AI-generated code often uses global state, hidden dependencies, and “helper soup” (files full of unrelated utility functions).
Bad:
// Global database connection
const db = new Database();
function getUserOrders(userId: string): Order[] {
const orders = db.query('SELECT * FROM orders WHERE user_id = ?', [userId]);
return orders.map(order => formatOrder(order));
}
function formatOrder(order: any): Order {
// Uses global db again
const user = db.query('SELECT * FROM users WHERE id = ?', [order.userId]);
return {
id: order.id,
user: user[0],
items: JSON.parse(order.items),
total: order.total
};
}
You can’t test this without a real database. You can’t swap implementations. Dependencies are hidden.
Good:
interface OrderRepository {
findByUserId(userId: string): Promise<Order[]>;
}
interface UserRepository {
findById(userId: string): Promise<User>;
}
class OrderService {
constructor(
private orderRepo: OrderRepository,
private userRepo: UserRepository
) {}
async getUserOrders(userId: string): Promise<Order[]> {
return await this.orderRepo.findByUserId(userId);
}
}
Dependencies are explicit. You can inject mocks for testing. You can swap implementations. It’s testable and flexible.
Rules:
- Inject dependencies through constructors or function parameters
- Avoid global state (database connections, config objects)
- Group related functions into classes or modules
- Avoid “helper soup” files with unrelated utilities
Red flags common in AI-generated code
Here are patterns that show up a lot in AI-generated code. They’re not always wrong, but they’re warning signs.
Over-abstracted interfaces with one implementation
AI tools love abstraction.

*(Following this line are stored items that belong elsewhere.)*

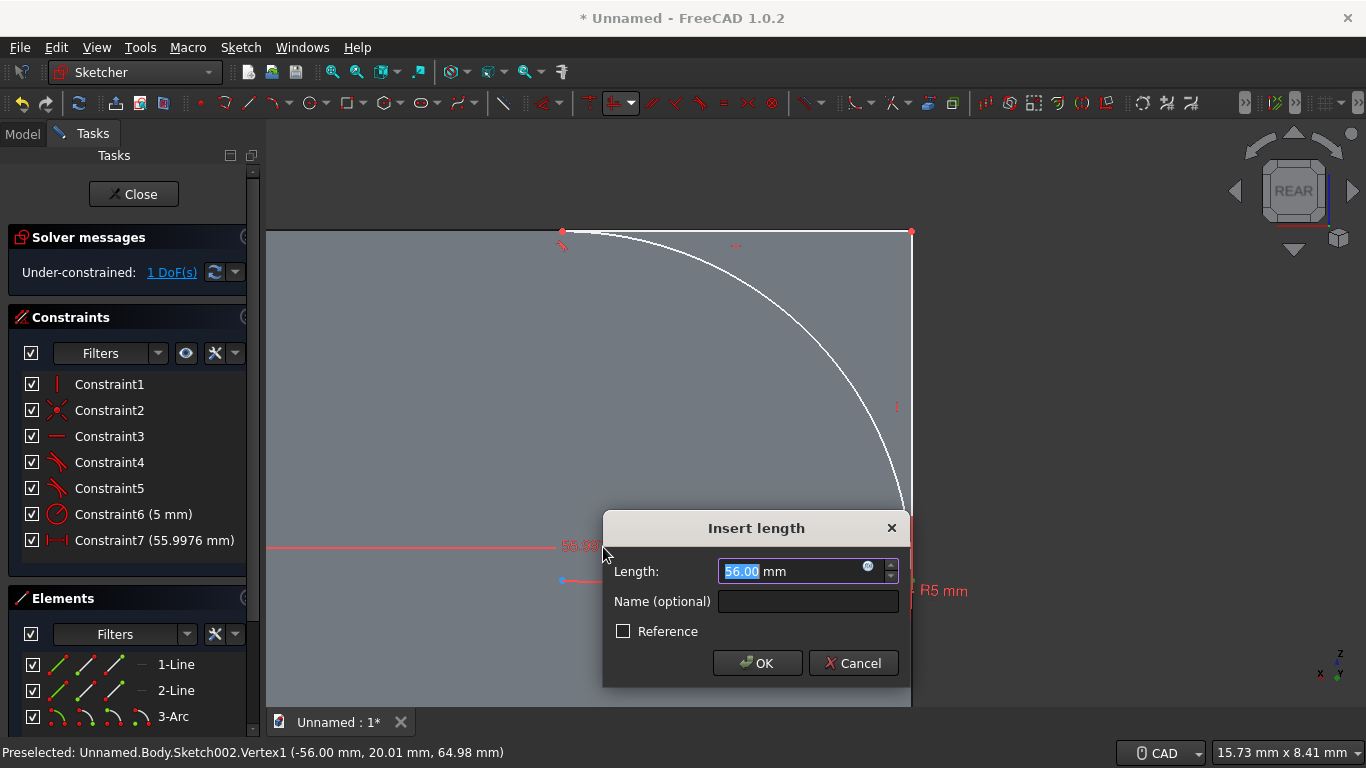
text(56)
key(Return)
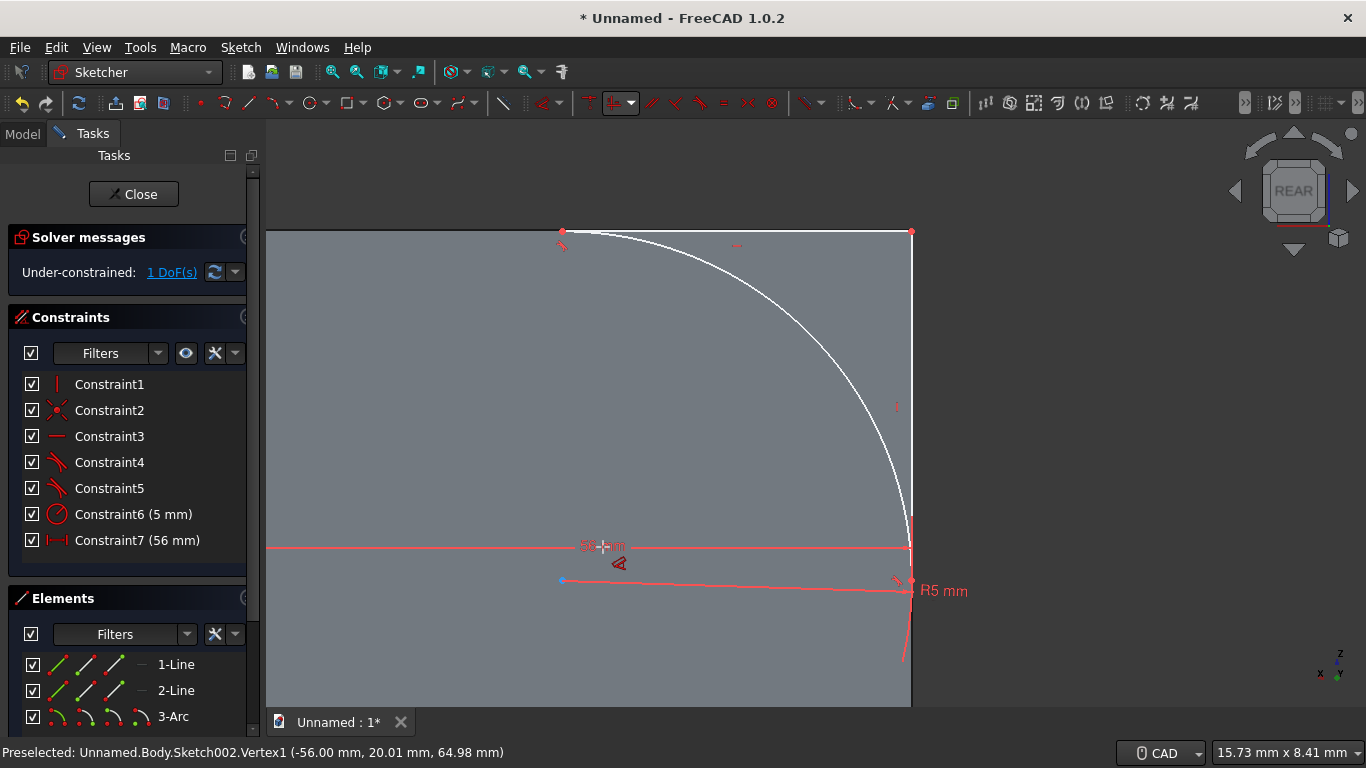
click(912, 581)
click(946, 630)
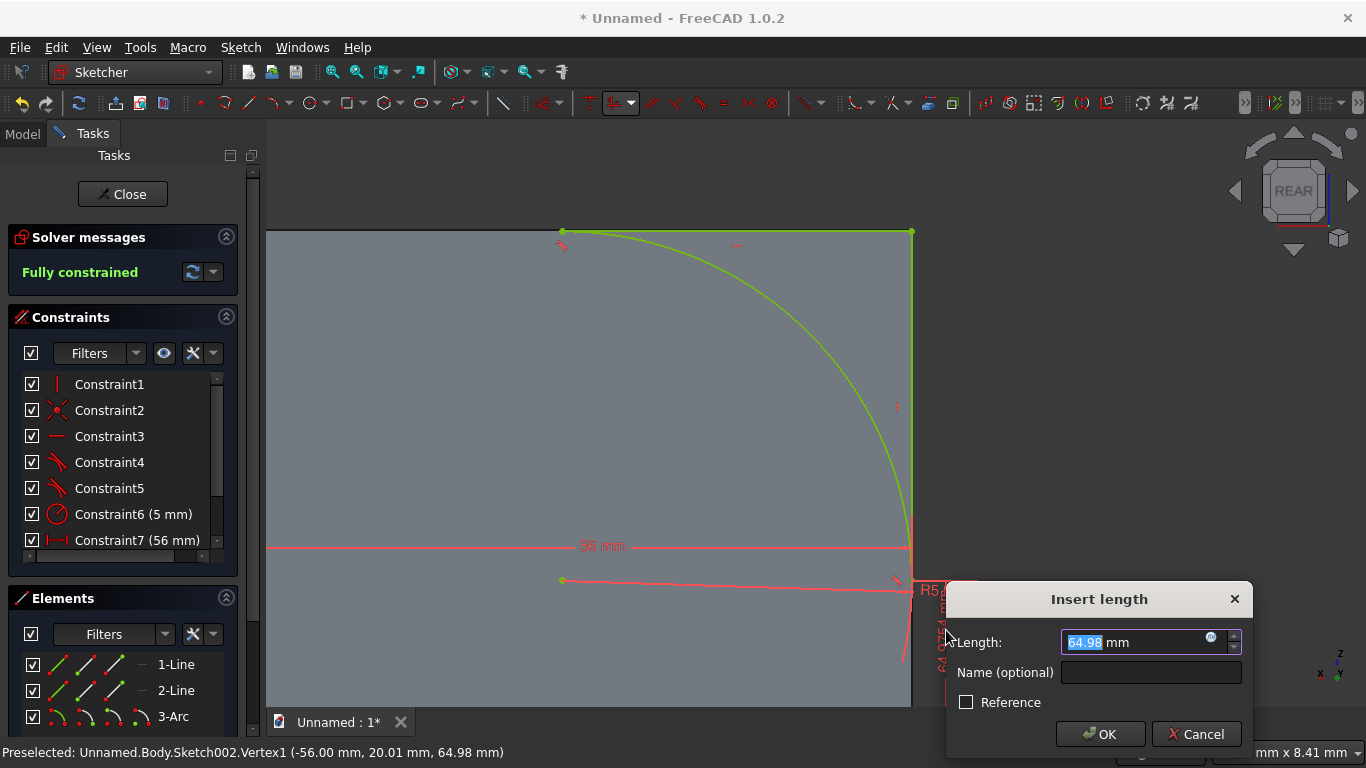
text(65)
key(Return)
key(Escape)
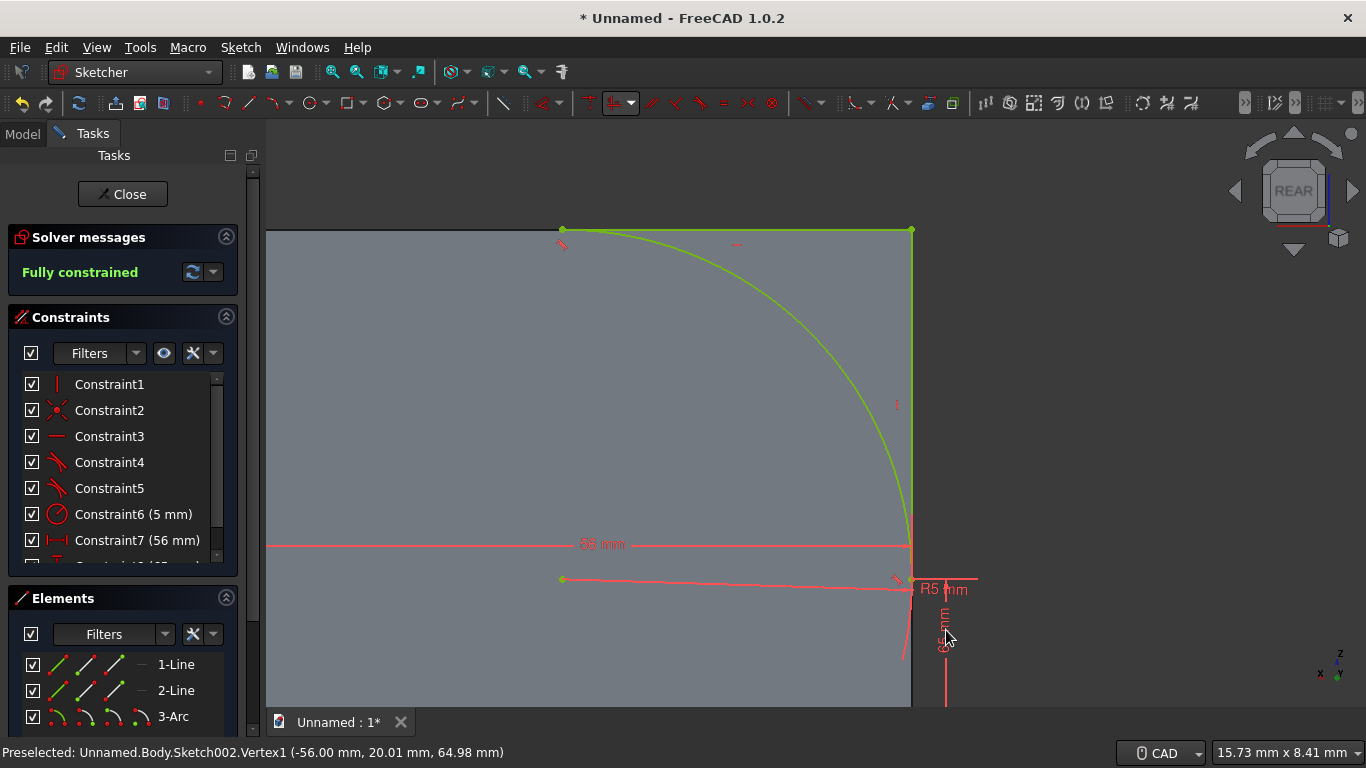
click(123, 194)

They’ll create an interface, then implement it once, then never use the interface again.
interface DataProcessor {
process(data: any): any;
}
class OrderProcessor implements DataProcessor {
process(data: any): any {
// Only implementation
}
}
// Interface is never used for polymorphism
const processor = new OrderProcessor();
If there’s only one implementation and no plans for more, the interface adds complexity without value. Remove it.
Generic utilities instead of domain concepts
AI tools generate generic utilities instead of domain-specific functions.
// Generic
function transformArray<T, R>(arr: T[], fn: (item: T) => R): R[] {
return arr.map(fn);
}
// Domain-specific (better)
function convertCartItemsToOrderItems(items: CartItem[]): OrderItem[] {
return items.map(item => ({
productId: item.productId,
quantity: item.quantity,
price: item.price
}));
}
The generic version is more “reusable”, but it’s harder to understand. The domain-specific version is clearer.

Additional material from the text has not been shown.